Somali pirates have released a chemical tanker, the Stolt Valor, after they received a $1.1 million ransom, a regional maritime official said on Sunday.
Two other ships could be released before Nov. 25 because negotiations between the owners and pirates had been going well, said Andrew Mwangura, director of the East African Seafarers’ Assistance Program that monitors piracy.
But he said the pirates, who have made shipping routes off Somalia among the most dangerous in the world, had seized another ship, a Japanese cargo vessel.
“It (the Stolt Valor) was released last night and after release, another ship was taken, a Japanese one with South Korean connections,” Mwangura told Reuters, adding that a $1.1 million ransom had been paid for the Stolt Valor.

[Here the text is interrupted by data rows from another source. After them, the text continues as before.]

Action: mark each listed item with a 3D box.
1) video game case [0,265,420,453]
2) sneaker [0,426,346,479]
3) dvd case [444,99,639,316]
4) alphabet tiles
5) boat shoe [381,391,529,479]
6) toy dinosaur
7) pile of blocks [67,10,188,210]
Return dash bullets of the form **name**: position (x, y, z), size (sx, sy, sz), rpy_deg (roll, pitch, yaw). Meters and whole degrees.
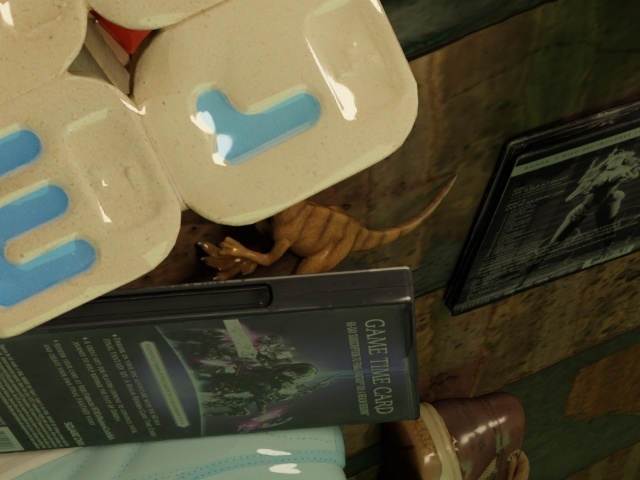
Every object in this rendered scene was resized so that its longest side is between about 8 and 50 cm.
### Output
- **video game case**: position (-0.083, 0.072, 1.008), size (0.274, 0.026, 0.196), rpy_deg (-6, 156, 2)
- **sneaker**: position (-0.150, 0.191, 1.145), size (0.366, 0.150, 0.135), rpy_deg (-30, 156, 8)
- **dvd case**: position (0.176, -0.028, 1.199), size (0.164, 0.018, 0.221), rpy_deg (-18, 156, -17)
- **alphabet tiles**: position (-0.090, -0.124, 0.446), size (0.278, 0.284, 0.021), rpy_deg (-26, -165, -4)
- **boat shoe**: position (0.125, 0.218, 1.537), size (0.123, 0.123, 0.342), rpy_deg (-21, 150, -9)
- **toy dinosaur**: position (0.000, 0.000, 1.014), size (0.112, 0.064, 0.211), rpy_deg (-38, 155, 21)
- **pile of blocks**: position (-0.109, -0.083, 0.623), size (0.112, 0.149, 0.362), rpy_deg (-28, 172, 14)
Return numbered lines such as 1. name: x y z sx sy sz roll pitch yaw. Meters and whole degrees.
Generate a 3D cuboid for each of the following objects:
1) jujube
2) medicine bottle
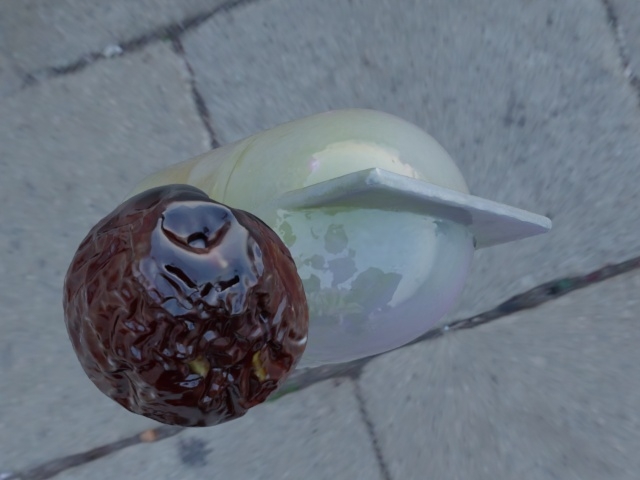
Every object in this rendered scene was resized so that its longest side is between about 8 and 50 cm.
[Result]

“Stolt Valor is among three ships that are to be released this month,” he added, naming them as the MV Genius and the MV Action but without giving further details.
The pirates off the dangerous Somali coast have taken three ships within the past week alone; another chemical tanker chartered by chemical tanker shipping group Stolt-Nielsen, a Chinese fishing vessel and a Turkish tanker.
The Japanese cargo ship hijacked late on Saturday was carrying 23 sailors including five South Koreans, according to South Korea’s Yonhap news agency.
Piracy off Somalia has plagued the shipping lane linking the Middle East Gulf and Asia to Europe and beyond via the Suez Canal and increased insurance premiums.
The International Maritime Bureau says 199 incidents of piracy or attempted piracy were reported worldwide from January to September this year, of which 63 were in the Gulf of Aden and off the Somali coast.